* _Given data_:
______________________________

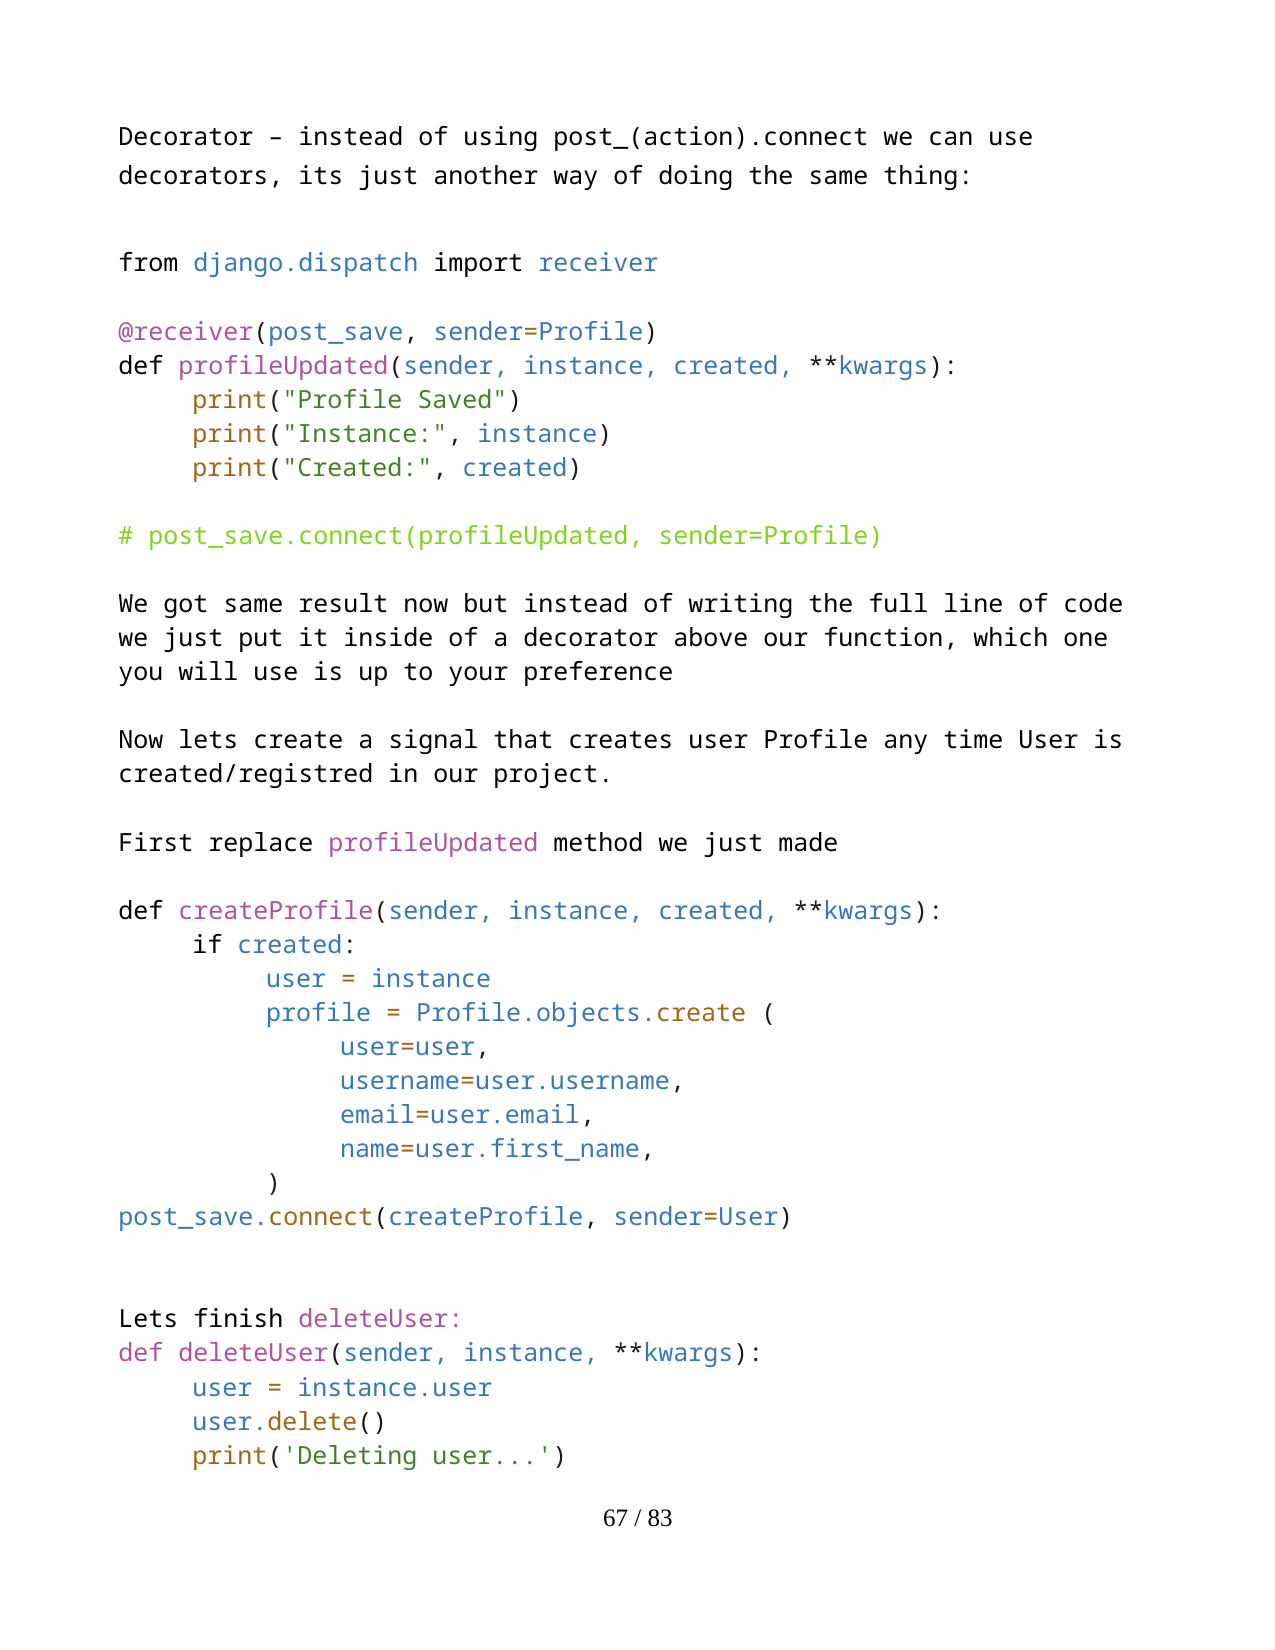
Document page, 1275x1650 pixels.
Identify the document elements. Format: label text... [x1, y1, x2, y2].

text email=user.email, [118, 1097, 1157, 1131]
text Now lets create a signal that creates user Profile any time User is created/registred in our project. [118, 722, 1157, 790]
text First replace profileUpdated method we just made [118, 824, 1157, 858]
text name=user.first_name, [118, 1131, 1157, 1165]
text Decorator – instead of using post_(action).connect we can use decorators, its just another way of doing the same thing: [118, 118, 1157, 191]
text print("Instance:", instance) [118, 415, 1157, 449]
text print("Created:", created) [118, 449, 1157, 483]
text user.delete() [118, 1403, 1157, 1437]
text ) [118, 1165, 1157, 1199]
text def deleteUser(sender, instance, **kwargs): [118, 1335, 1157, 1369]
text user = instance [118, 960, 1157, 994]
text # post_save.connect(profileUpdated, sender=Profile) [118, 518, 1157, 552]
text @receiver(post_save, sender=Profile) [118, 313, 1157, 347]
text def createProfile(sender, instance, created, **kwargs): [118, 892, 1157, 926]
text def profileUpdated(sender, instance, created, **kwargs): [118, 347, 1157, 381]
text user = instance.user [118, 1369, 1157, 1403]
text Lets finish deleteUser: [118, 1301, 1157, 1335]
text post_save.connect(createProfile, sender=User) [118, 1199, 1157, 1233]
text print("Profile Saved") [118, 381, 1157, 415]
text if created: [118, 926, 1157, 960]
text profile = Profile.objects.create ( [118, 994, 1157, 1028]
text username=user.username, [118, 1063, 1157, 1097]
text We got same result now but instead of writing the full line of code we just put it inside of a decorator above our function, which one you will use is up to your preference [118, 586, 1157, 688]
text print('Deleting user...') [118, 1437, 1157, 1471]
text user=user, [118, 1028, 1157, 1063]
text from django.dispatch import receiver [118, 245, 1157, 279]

______________________________

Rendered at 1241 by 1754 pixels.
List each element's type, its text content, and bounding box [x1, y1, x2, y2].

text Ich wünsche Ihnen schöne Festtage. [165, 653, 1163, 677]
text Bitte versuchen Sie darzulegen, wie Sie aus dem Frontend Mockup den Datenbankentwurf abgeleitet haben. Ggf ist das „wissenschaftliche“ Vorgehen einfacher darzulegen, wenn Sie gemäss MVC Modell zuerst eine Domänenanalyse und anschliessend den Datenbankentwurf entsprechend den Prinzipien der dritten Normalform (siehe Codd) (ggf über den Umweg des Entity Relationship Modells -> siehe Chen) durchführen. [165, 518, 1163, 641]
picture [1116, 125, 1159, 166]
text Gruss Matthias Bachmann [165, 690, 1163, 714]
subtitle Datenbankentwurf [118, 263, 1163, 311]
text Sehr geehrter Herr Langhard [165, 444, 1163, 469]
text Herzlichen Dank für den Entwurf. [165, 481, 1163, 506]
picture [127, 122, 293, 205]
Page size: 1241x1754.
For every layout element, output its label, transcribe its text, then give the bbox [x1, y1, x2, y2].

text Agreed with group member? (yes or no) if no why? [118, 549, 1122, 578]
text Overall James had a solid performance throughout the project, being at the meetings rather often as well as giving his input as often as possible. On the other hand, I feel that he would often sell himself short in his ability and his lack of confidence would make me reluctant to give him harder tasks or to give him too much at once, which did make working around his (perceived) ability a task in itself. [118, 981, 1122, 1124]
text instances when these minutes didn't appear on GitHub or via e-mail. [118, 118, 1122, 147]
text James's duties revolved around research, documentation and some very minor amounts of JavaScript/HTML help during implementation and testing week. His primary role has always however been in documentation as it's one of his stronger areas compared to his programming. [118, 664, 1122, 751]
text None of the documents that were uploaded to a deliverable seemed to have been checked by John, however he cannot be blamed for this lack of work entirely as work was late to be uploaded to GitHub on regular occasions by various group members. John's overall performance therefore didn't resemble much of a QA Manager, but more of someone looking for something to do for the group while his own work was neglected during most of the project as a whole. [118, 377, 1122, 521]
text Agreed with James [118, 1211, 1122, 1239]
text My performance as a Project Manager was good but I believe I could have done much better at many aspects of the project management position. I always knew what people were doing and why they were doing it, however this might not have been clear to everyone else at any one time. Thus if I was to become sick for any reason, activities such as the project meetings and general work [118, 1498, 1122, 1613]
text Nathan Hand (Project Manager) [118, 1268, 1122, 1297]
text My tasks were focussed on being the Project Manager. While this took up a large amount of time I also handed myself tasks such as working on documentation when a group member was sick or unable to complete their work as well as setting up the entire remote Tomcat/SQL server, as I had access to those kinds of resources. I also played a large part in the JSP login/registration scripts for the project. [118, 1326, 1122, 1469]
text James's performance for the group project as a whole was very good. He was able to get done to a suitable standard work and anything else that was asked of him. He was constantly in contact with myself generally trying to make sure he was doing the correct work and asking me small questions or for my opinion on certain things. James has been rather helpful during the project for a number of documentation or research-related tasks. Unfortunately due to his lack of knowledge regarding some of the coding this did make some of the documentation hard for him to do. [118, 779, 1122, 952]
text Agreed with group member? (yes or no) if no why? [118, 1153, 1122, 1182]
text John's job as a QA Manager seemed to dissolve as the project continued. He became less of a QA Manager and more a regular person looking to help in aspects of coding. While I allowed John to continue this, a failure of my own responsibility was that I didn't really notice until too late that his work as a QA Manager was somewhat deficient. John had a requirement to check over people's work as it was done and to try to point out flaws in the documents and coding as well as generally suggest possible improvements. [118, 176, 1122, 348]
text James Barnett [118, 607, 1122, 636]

______________________________

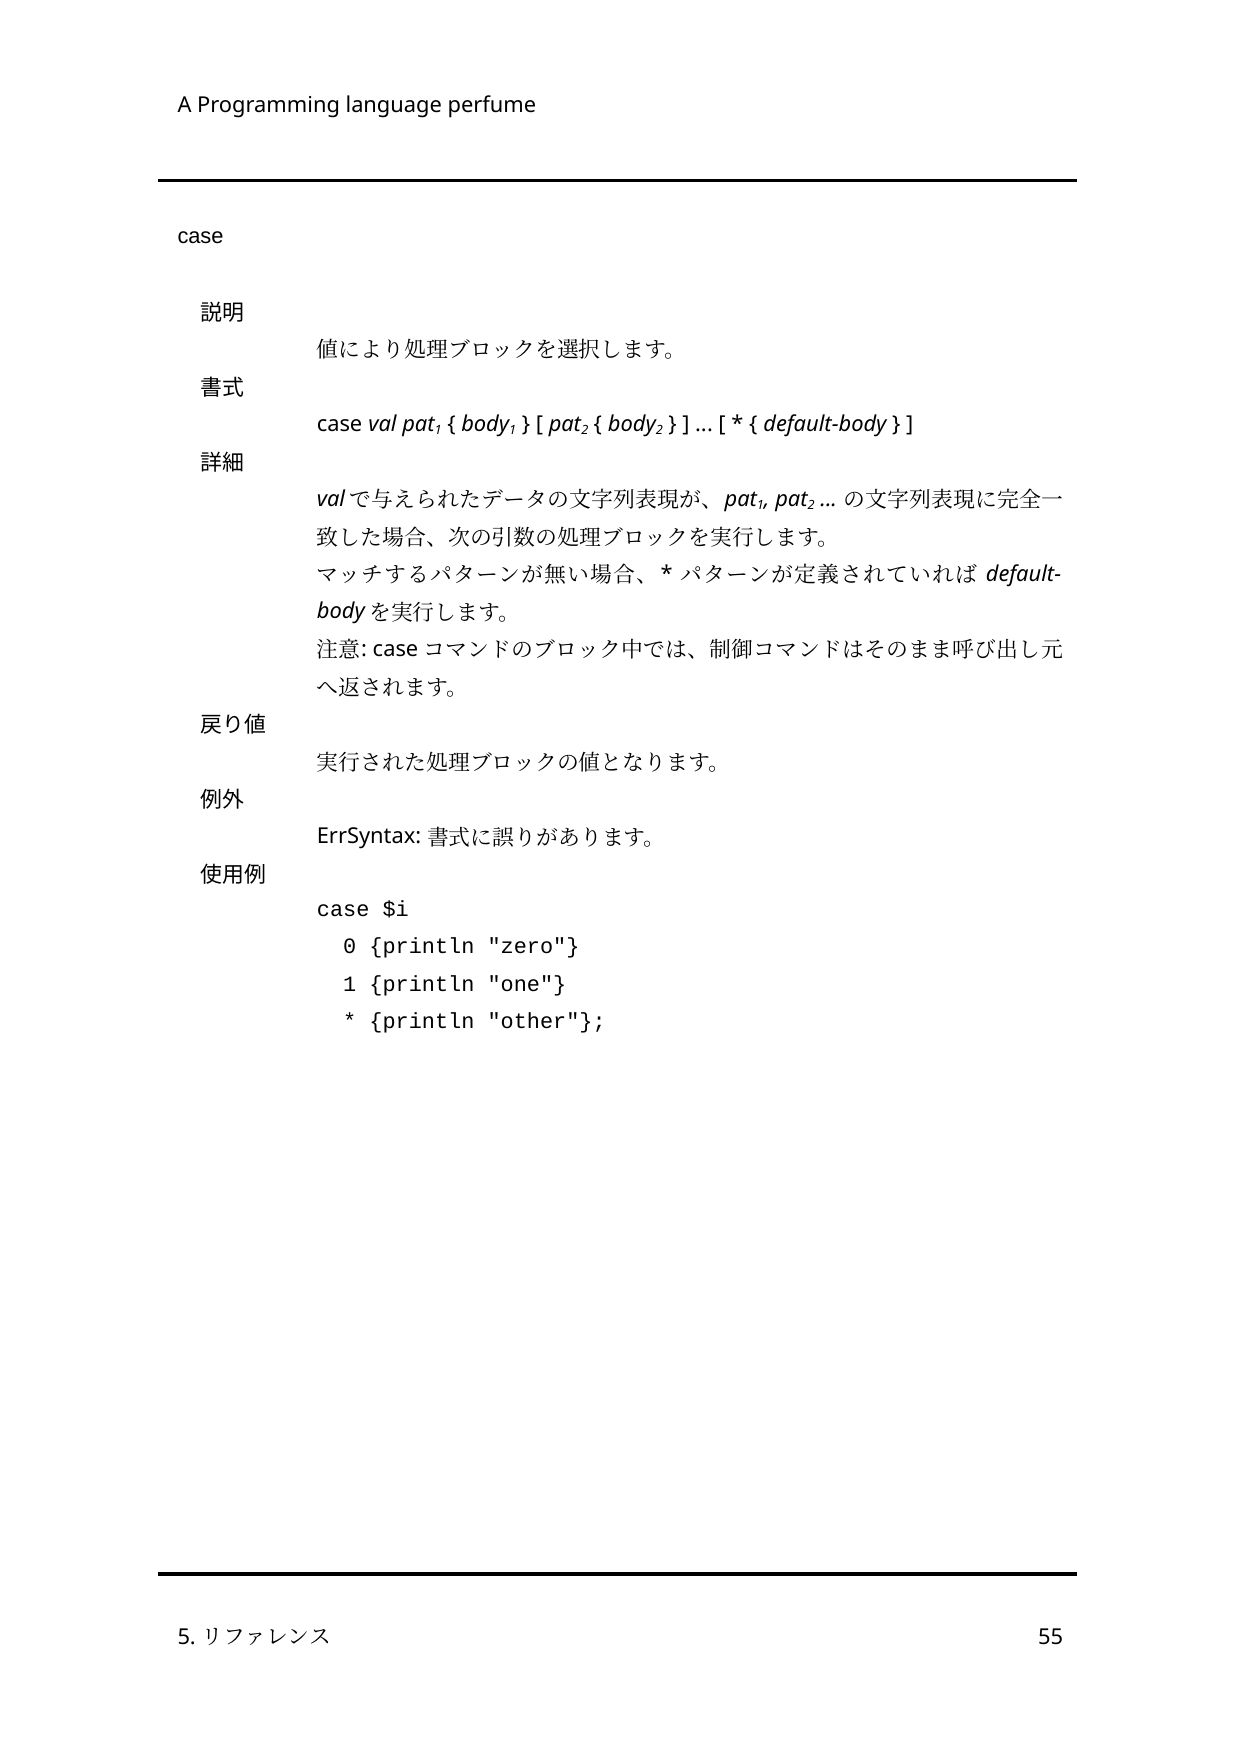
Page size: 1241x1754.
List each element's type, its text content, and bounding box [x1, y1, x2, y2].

______________________________

* _Description of the task_: Copy every line of the listing containing the string "pixels".

* _Problem solution_:
Document page, 1275x1650 pixels.
Rendered at 1241 by 1754 pixels.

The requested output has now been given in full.